The returned callable takes an optional str argument 'hash_value'; 
If a hash value is given, the segment is generated using a hash function, else the path is generated using a uuid.

```python
from lodkit import URIConstructorFactory

mkuri = URIConstructorFactory("https://test.namespace/")
print(mkuri())                         # URIRef("https://test.namespace/<UUID>")
print(mkuri("test") == mkuri("test"))  # True
```

## Namespace Tools

### NamespaceGraph
`lodkit.NamespaceGraph` is a simple rdflib.Graph subclass for easy and convenient namespace binding.

```python
from lodkit import NamespaceGraph
from rdflib import Namespace

class CLSGraph(NamespaceGraph):
	crm = Namespace("http://www.cidoc-crm.org/cidoc-crm/")
	crmcls = Namespace("https://clscor.io/ontologies/CRMcls/")
	clscore = Namespace("https://clscor.io/entity/")

graph = CLSGraph()

ns_check: bool = all(
	ns in map(lambda x: x[0], graph.namespaces())
	for ns in ("crm", "crmcls", "clscore")
)

print(ns_check)  # True
```

## ClosedOntologyNamespace, DefinedOntologyNamespace
`lodkit.ClosedOntologyNamespace` and `lodkit.DefinedOntologyNamespace` are `rdflib.ClosedNamespace` and `rdflib.DefinedNameSpace` subclasses 
that are able to load namespace members based on an ontology.

```python
crm = ClosedOntologyNamespace(ontology="./CIDOC_CRM_v7.1.3.ttl")

crm.E39_Actor   # URIRef('http://www.cidoc-crm.org/cidoc-crm/E39_Actor')
crm.E39_Author  # AttributeError
```

```python
class crm(DefinedOntologyNamespace):
	ontology = "./CIDOC_CRM_v7.1.3.ttl"

crm.E39_Actor   # URIRef('http://www.cidoc-crm.org/cidoc-crm/E39_Actor')
crm.E39_Author  # URIRef('http://www.cidoc-crm.org/cidoc-crm/E39_Author') + UserWarning
```


Note that `rdflib.ClosedNamespaces` are meant to be instantiated and `rdflib.DefinedNameSpaces` are meant to be extended,
which is reflected in `lodkit.ClosedOntologyNamespace` and `lodkit.DefinedOntologyNamespace`.


## Testing Tools
`lodkit.testing_tools` aims to provide general definitions (e.g Graph format options) and [Hypothesis](https://hypothesis.readthedocs.io/en/latest/) strategies useful for testing RDFLib-based Python and code.

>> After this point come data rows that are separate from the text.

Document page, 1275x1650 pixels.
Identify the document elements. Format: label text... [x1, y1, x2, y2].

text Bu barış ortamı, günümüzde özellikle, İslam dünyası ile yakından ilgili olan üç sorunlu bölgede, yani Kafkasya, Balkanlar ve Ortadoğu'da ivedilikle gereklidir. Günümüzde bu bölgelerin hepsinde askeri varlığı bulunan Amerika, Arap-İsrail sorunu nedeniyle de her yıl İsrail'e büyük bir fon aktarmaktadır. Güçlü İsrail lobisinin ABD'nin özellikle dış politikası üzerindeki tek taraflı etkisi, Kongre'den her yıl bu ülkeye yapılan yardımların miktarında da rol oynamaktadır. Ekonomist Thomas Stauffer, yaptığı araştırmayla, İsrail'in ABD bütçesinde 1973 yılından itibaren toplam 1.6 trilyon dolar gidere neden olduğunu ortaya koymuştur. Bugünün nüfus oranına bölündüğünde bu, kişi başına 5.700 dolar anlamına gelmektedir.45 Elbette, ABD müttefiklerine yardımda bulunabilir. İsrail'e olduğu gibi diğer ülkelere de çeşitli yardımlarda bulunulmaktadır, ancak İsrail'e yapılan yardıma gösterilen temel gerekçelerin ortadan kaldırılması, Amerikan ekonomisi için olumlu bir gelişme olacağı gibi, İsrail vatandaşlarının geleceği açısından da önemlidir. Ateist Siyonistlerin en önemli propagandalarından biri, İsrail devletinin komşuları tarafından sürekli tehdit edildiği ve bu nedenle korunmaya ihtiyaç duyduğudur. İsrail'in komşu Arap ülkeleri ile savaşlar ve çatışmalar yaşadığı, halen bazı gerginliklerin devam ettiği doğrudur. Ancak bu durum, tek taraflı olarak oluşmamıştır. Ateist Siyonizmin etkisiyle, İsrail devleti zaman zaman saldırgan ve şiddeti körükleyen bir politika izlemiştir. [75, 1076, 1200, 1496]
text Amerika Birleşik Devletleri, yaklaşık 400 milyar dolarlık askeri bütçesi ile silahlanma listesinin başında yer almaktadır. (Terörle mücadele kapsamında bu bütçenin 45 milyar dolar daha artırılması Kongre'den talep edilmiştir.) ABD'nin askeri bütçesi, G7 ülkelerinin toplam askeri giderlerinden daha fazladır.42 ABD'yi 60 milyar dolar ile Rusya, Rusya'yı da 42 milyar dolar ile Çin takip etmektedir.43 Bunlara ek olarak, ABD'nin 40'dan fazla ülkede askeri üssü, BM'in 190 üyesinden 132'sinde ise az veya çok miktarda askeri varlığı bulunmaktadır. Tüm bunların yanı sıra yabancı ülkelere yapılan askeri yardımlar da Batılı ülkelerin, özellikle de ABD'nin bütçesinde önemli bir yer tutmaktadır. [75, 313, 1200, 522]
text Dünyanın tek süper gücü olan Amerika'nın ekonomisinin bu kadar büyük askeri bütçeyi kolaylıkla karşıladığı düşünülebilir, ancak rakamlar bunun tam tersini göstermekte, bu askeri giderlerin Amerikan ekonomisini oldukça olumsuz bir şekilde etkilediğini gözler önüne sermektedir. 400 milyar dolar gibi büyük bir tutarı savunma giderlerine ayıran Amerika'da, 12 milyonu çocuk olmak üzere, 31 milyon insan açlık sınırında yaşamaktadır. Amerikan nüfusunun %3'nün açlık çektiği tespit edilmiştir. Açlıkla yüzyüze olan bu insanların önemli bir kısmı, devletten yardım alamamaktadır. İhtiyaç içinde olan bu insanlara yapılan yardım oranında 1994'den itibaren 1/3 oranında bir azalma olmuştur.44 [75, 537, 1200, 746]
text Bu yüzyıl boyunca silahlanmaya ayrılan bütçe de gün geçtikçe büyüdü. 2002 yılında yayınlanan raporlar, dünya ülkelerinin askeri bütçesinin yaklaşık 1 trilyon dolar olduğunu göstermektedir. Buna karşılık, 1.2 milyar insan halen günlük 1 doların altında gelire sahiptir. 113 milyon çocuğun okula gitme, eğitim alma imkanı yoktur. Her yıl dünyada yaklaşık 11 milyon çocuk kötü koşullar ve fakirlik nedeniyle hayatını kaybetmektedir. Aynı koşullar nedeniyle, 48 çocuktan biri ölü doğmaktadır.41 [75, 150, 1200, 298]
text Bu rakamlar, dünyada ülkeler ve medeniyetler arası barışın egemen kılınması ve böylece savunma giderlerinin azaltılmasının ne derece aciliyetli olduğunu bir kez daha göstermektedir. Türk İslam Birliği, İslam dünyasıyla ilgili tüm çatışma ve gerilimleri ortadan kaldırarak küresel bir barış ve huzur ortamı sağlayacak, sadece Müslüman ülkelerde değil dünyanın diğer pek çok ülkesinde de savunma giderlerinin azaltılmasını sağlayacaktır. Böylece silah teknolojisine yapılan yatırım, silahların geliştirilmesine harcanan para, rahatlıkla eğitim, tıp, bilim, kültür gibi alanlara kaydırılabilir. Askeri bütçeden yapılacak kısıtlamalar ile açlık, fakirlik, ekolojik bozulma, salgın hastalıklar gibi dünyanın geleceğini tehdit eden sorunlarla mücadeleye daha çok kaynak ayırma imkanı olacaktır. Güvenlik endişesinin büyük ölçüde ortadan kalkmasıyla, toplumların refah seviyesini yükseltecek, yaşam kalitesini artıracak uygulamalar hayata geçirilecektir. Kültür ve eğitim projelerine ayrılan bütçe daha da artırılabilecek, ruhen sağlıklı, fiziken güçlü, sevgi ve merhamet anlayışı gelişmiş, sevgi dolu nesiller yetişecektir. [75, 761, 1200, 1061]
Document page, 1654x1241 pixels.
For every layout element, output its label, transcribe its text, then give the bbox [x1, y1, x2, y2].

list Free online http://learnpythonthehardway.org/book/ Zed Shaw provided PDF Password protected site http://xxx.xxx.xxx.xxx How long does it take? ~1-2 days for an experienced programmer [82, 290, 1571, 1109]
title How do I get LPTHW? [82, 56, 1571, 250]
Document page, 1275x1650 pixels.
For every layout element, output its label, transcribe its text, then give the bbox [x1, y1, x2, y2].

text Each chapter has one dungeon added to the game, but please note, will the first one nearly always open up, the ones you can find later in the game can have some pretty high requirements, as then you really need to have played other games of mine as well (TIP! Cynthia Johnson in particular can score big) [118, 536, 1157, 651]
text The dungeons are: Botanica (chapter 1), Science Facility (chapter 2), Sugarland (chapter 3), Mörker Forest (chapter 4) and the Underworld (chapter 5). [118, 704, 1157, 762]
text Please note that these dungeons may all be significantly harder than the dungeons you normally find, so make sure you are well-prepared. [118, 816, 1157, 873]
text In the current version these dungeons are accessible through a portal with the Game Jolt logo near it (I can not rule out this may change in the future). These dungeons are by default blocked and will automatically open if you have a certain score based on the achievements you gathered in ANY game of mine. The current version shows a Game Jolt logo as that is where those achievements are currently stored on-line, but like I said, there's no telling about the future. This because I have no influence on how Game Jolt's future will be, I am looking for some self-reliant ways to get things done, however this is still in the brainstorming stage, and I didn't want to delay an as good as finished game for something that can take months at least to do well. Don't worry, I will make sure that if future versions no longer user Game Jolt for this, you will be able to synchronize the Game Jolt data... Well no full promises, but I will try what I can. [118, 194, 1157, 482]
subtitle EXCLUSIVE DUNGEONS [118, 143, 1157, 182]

E.g. the `TripleStrategies.triples` strategy generates random triples utilizing all permissible subject, predicate and object types including lang-tagged and xsd-typed literals.
The following uses the triples strategies together with a Hypothesis strategy to create random graphs:

```python
from hypothesis import given, strategies as st
from lodkit import tst
from rdflib import Graph


@given(triples=st.lists(tst.triples, min_size=1, max_size=10))
def test_some_function(triples):
    graph = Graph()
    for triple in triples:
        graph.add(triple)

    assert len(graph) == len(triples)
```

The strategy generates up to 100 (by default, see [settings](https://hypothesis.readthedocs.io/en/latest/settings.html)) lists of 1-10 `tuple[_TripleSubject, URIRef, _TripleObject]` and passes them to the test function.

> Warning: The API of lodkit.tesing_tools is very likely to change soon! Strategies should be module-level callables and not properties of a Singleton.